Required work:
Every record is to be printed exactly as written; pictures are to be omitted.
*** Opening The data ***
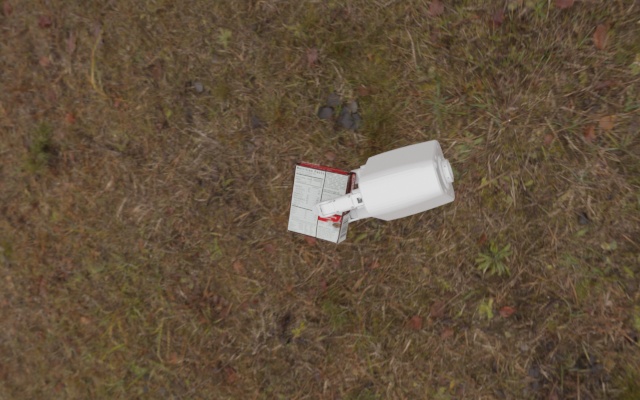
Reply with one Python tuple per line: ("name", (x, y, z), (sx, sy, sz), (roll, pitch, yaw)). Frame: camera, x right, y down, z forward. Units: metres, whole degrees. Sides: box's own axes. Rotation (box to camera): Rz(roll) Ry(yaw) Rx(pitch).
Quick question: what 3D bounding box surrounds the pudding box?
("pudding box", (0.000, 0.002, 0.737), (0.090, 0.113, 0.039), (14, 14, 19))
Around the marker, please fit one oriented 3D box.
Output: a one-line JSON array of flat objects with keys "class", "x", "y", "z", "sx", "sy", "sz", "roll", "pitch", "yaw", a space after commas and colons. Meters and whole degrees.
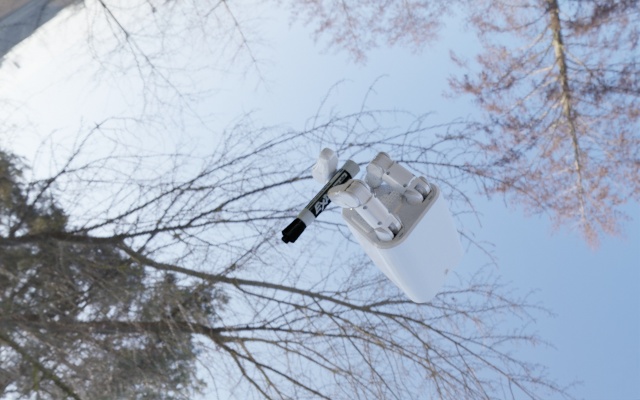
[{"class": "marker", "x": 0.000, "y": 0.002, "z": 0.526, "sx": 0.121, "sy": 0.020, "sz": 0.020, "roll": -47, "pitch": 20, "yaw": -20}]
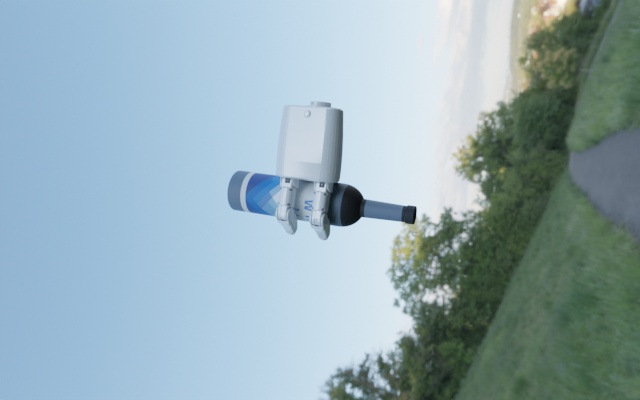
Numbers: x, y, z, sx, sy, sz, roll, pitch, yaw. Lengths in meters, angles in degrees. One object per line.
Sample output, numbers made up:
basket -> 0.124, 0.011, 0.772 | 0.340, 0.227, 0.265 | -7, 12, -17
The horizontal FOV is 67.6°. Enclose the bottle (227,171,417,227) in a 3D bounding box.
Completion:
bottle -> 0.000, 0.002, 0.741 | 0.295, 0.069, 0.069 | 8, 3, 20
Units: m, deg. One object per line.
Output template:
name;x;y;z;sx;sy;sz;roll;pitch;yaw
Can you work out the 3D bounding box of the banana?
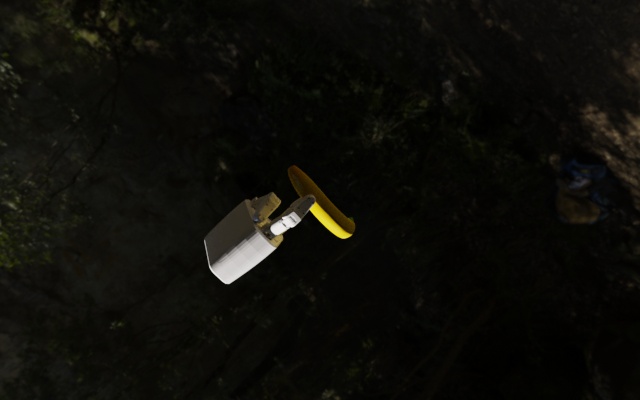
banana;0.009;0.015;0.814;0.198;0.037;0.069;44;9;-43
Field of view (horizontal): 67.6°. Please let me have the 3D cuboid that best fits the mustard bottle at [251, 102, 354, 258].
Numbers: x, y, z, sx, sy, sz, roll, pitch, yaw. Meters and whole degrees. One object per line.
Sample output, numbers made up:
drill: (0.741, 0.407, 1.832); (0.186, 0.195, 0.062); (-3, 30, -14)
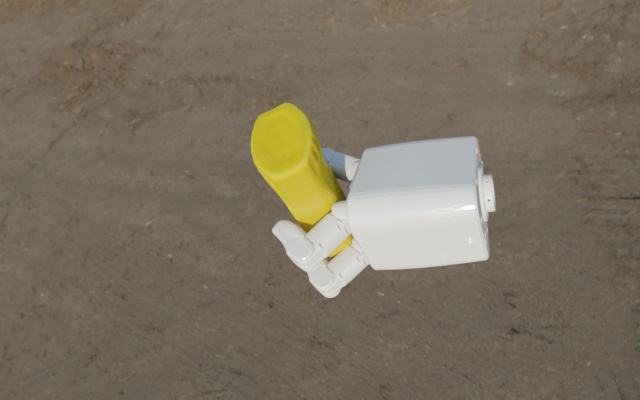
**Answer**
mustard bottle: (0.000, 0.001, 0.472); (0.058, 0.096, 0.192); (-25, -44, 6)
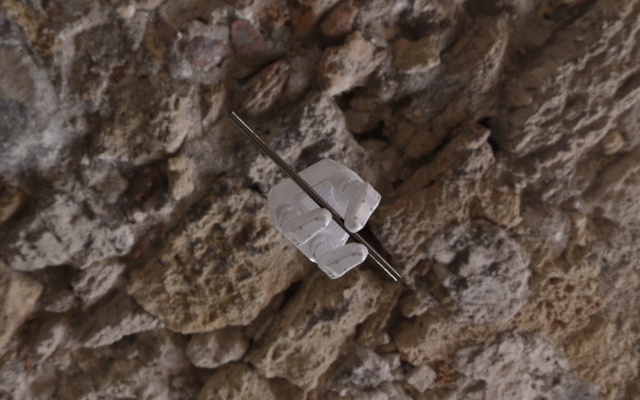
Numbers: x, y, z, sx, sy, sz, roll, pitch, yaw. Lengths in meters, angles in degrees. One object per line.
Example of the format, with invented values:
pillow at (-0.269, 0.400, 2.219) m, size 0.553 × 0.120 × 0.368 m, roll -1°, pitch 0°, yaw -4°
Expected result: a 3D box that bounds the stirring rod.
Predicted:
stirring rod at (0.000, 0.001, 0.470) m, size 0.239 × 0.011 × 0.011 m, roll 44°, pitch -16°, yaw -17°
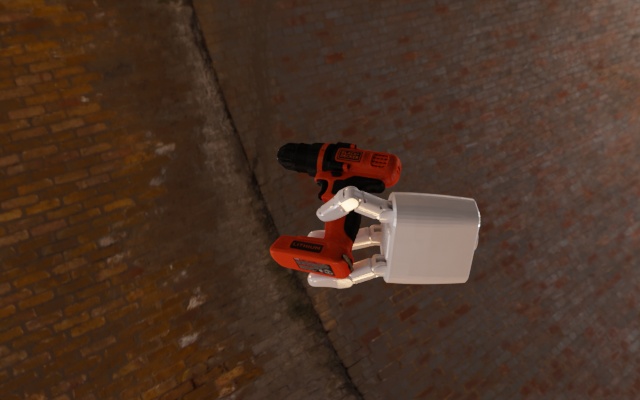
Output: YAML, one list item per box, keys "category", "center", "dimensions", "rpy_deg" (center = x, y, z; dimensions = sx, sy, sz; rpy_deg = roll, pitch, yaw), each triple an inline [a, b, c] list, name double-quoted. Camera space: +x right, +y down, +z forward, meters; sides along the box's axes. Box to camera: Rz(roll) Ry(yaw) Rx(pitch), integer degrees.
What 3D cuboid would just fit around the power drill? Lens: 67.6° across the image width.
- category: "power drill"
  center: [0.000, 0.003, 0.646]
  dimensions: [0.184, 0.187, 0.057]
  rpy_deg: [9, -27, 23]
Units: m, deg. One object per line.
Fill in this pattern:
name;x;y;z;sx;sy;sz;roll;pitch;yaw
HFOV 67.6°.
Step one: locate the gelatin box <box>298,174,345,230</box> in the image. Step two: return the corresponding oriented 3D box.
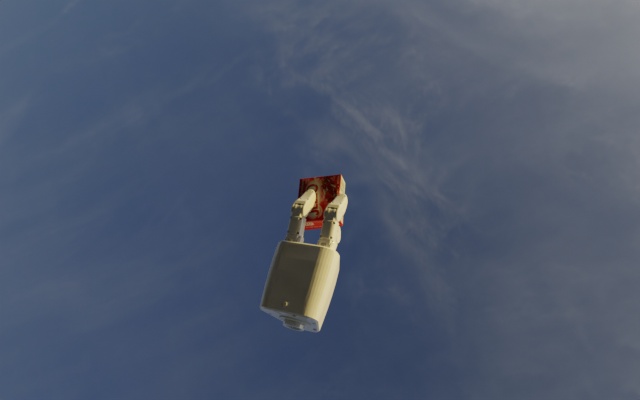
*** Closing The data ***
Output below:
Reply with one Python tuple per line: ("name", (x, y, z), (sx, sy, sz), (roll, pitch, yaw)). Frame: camera, x right, y down, z forward. Units: metres, whole degrees. Sides: box's own axes. Rotation (box to camera): Rz(roll) Ry(yaw) Rx(pitch).
Quick question: what 3D bounding box surrounds the pudding box?
("pudding box", (0.000, 0.002, 0.737), (0.090, 0.113, 0.039), (14, 14, 19))
Around the marker, please fit one oriented 3D box.
Output: a one-line JSON array of flat objects with keys "class", "x", "y", "z", "sx", "sy", "sz", "roll", "pitch", "yaw", a space after commas and colons. Meters and whole degrees.
[{"class": "marker", "x": 0.000, "y": 0.002, "z": 0.526, "sx": 0.121, "sy": 0.020, "sz": 0.020, "roll": -47, "pitch": 20, "yaw": -20}]
Numbers: x, y, z, sx, sy, sz, roll, pitch, yaw. Lengths in meters, angles in degrees. One object per line.
Sample output, numbers made up:
basket -> 0.124, 0.011, 0.772 | 0.340, 0.227, 0.265 | -7, 12, -17
The horizontal FOV is 67.6°. Enclose the bottle (227,171,417,227) in a 3D bounding box.
Completion:
bottle -> 0.000, 0.002, 0.741 | 0.295, 0.069, 0.069 | 8, 3, 20
Units: m, deg. One object per line.
Output template:
name;x;y;z;sx;sy;sz;roll;pitch;yaw
Can you work out the 3D bounding box of the banana?
banana;0.009;0.015;0.814;0.198;0.037;0.069;44;9;-43
Field of view (horizontal): 67.6°. Please let me have the 3D cuboid that best fits the mustard bottle at [251, 102, 354, 258].
Numbers: x, y, z, sx, sy, sz, roll, pitch, yaw. Meters and whole degrees. One object per line.
Sample output, numbers made up:
drill: (0.741, 0.407, 1.832); (0.186, 0.195, 0.062); (-3, 30, -14)
**Answer**
mustard bottle: (0.000, 0.001, 0.472); (0.058, 0.096, 0.192); (-25, -44, 6)
Numbers: x, y, z, sx, sy, sz, roll, pitch, yaw. Lengths in meters, angles in degrees. One object per line.
Example of the format, with invented values:
pillow at (-0.269, 0.400, 2.219) m, size 0.553 × 0.120 × 0.368 m, roll -1°, pitch 0°, yaw -4°
Expected result: a 3D box that bounds the stirring rod.
Predicted:
stirring rod at (0.000, 0.001, 0.470) m, size 0.239 × 0.011 × 0.011 m, roll 44°, pitch -16°, yaw -17°
Output: YAML, one list item per box, keys "category", "center", "dimensions", "rpy_deg" (center = x, y, z; dimensions = sx, sy, sz; rpy_deg = roll, pitch, yaw), each triple an inline [a, b, c] list, name double-quoted. Camera space: +x right, +y down, +z forward, meters; sides along the box's axes. Box to camera: Rz(roll) Ry(yaw) Rx(pitch), integer degrees.
What 3D cuboid would just fit around the power drill? Lens: 67.6° across the image width.
- category: "power drill"
  center: [0.000, 0.003, 0.646]
  dimensions: [0.184, 0.187, 0.057]
  rpy_deg: [9, -27, 23]
Units: m, deg. One object per line.
Fill in this pattern:
name;x;y;z;sx;sy;sz;roll;pitch;yaw
HFOV 67.6°.
Step one: locate the gelatin box <box>298,174,345,230</box> in the image. Step two: return the corresponding oriented 3D box.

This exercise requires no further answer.